Going through external function pointers should in principle slow it down because LLVM can't inline and optimize the function body with the surrounding code, but in practice the slow down is much larger than I would expect it to be. There's something odd about running code in a shared library that I don't understand that makes it much slower than I think it ought to be. Doing this in cppyy or ROOT's C++ JIT is even slower than Numba's JIT. Mysteries abound, but I don't worry about it too much because ArrayBuilder has other bottlenecks.
In addition, LayoutBuilder is currently implemented as a shim that generates AwkwardForth. AwkwardForth is not as fast as compiled code (by a factor of 2× to 5×), but faster than any other runtime-interpreted code I know of. That makes it the best choice when you don't have a JIT compiler available. It's not the best choice when you do have a JIT compiler available. It's looking like the only applications that can take advantage of a LayoutBuilder are ones that involve JIT somewhere in the chain (after all, you have to iterate over the rowwise data that you're feeding to the LayoutBuilder), so LayoutBuilder itself is getting reimplemented in JIT-compiled C++ this summer. (That's the project just above LayoutBuilder-Numba in the road map.) With the new LayoutBuilder generated on the fly, there wouldn't be a stable set of pointers to point to.
(Also worth noting: LayoutBuilder through AwkwardForth is not quite a factor of 2× better than ArrayBuilder, as is.)
So the short of it is that wrapping the current LayoutBuilder's external pointers in Numba calls is far enough from optimal that it wouldn't be worth doing.
Another (strong) benefit for using LayoutBuilder is that your output is guaranteed to have the correct form. I have some special cases in my own analysis tools where I walk the output, and replace the EmptyArray
with the corresponding zero-sized layouts. If LayoutBuilder
worked in Numba, I'd be able to remove those!

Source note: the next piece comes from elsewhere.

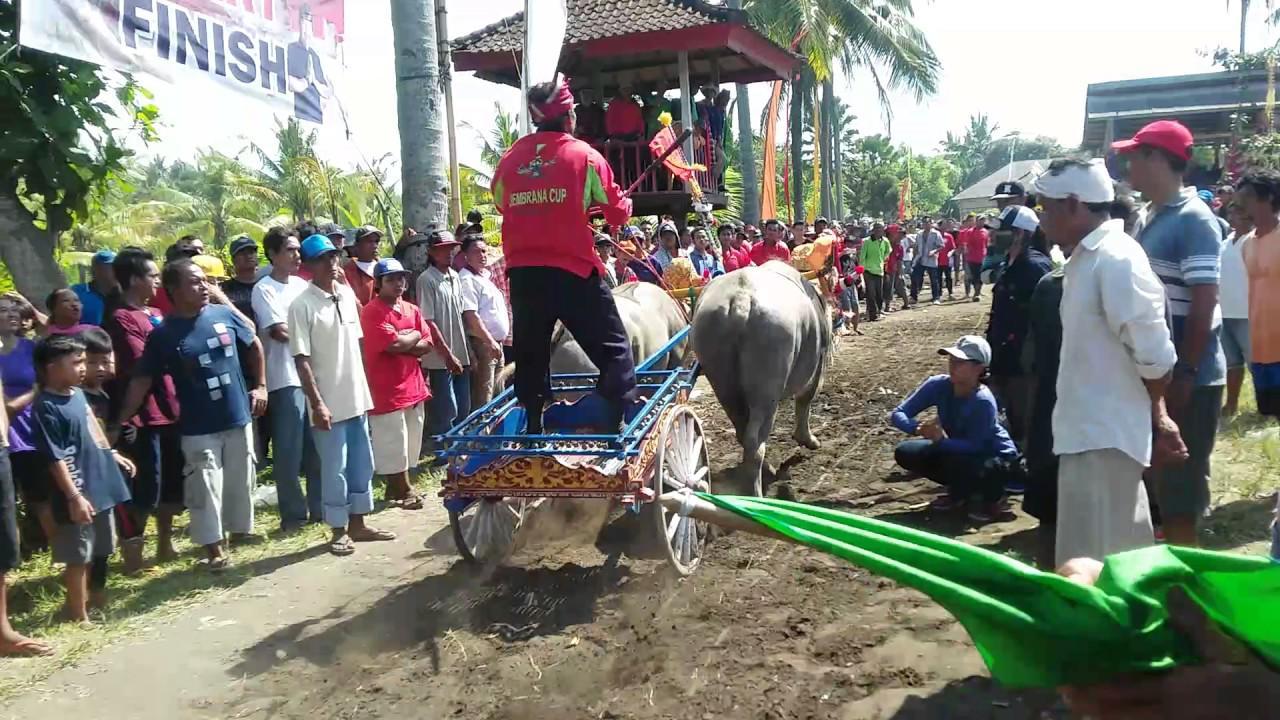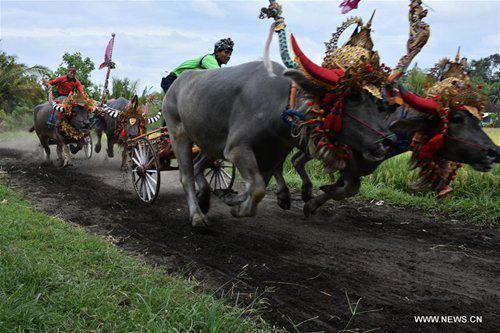The first image is the image on the left, the second image is the image on the right. For the images shown, is this caption "in at least one image there are two black bull in red headdress running right attached to a chaireate." true? Answer yes or no. Yes. The first image is the image on the left, the second image is the image on the right. Considering the images on both sides, is "In the right image, two ox-cart racers in green shirts are driving teams of two non-black oxen to the right." valid? Answer yes or no. No.

AwkwardForth is not as fast as compiled code (by a factor of 2× to 5×), but faster than any other runtime-interpreted code I know of.
Still, that's impressive perf. For most people I imagine that's more than enough to make it usable.
LayoutBuilder through AwkwardForth is not quite a factor of 2× better than ArrayBuilder
Huh, that is interesting.
Nevertheless, Is the JIT compiler planned to be cppyy?
With the new LayoutBuilder generated on the fly, there wouldn't be a stable set of pointers to point to.
Ah, that explains it.
We ought to have a function for filling in EmptyArray. Or no, this: scikit-hep/awkward-1.0#516 and let people write it themselves.
We're targeting two JIT compilers: cppyy in ROOT and cppyy outside of ROOT. From our end, we just generate the C++ strings and have Python code that knows how to invoke both interfaces.
recursively_apply
is public, and it addresses Martin & Doug's issue on #awkward-dask, but it won't help cases involving more than one array. The public function should decide whether to do recursively_apply
or broadcast_and_apply
based on whether there's one or more input array, since the interface is now (in v2) the same between them. And this public function will require significant documentation—how it works is not easy to guess.